00:30:45.819 When I began this journey, I was adamant about not using Python—let that be a lesson! I wasted an entire day battling with Docker command lines, attempting to find the right flags for Clang, and eventually switched to the Python route, realizing that it was far simpler. The takeaway here is to understand your objectives and not fight against the current—if you’re learning, make the process easier. Once you have learned, then you can explore different paths if you wish.

00:31:59.460 I also want to recommend additional reading material related to my talk. I highly recommend 'Demystifying Deep Neural Nets' by Rosie Campbell. It offers a great in-depth perspective on the technical aspects we touched on. Additionally, for those interested in a book, I suggest 'Python Machine Learning' by Sebastian Raschka. So, that wraps up my talk!

00:32:45.560 Now, let’s assess the probability of taco baby. It registers as 'other,' potentially resembling a person with about 30% certainty—I’m not entirely sure. As for the question about how many images Cookpad classifies daily, I don’t have that exact number, but it is quite a few. When we classify text, we deal primarily with Arabic-speaking countries, as that has posed our most significant challenges, leading to a lot of Arabic text examples with different fonts and overlays.

00:33:52.130 As for the Google Cloud Vision API, I have not personally used it. I’m not on the machine learning team, so my exposure has been limited to trickle-down information. However, I’m becoming more intrigued by Python as I explore avenues to learn more about machine learning. That being said, if there's a desire to implement something similar in Ruby, it will require the community to take action, collaborating on getting TensorFlow.rb compiling on all systems.

00:34:56.410 The main developer primarily uses Linux, which means it's not being designed with OSX support in mind. The community's involvement in understanding TensorFlow, C++ coding, and Ruby extensions would be vital in making this a reality. Regarding image classification performance, it generally doesn't take too long per image. Even with extensive training data, classification occurs relatively quickly.

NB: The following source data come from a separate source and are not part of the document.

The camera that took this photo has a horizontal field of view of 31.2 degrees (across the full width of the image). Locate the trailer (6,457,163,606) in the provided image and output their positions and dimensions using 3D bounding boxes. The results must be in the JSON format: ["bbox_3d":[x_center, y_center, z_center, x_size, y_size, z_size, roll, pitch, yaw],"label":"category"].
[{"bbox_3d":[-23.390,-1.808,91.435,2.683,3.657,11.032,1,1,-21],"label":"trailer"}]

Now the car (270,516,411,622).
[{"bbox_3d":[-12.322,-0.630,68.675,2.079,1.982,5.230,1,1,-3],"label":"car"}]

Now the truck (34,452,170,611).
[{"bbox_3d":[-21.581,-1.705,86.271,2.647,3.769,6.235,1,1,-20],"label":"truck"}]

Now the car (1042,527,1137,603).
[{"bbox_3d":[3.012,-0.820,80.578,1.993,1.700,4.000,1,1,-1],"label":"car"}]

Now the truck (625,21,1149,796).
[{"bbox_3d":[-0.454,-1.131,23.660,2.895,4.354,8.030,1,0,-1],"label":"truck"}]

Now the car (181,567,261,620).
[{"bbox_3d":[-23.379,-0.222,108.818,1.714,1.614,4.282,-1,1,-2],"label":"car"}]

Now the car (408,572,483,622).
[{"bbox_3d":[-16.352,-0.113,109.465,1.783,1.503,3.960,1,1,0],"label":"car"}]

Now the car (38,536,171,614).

00:35:12.840 Conducting this process asynchronously would be advisable, as it allows for much smoother operations. Now, as you collect images, it's essential to recognize that there's no exact number of images to meet your needs—it's an imperfect science. Therefore, you should aim to gather as many images as you can, while also ensuring that you have balanced data of both food and non-food items.

00:35:30.060 As you notice shortcomings in your classification, such as wanting it to identify certain items but failing, getting more examples relevant to that case is crucial. Once you have your system stable, it’s not often necessary to retrain. If a significant issue arises, or if a new form of user abuse is identified, then you can revisit training with additional data to handle those problems effectively.

00:35:58.800 I appreciate your time, everyone!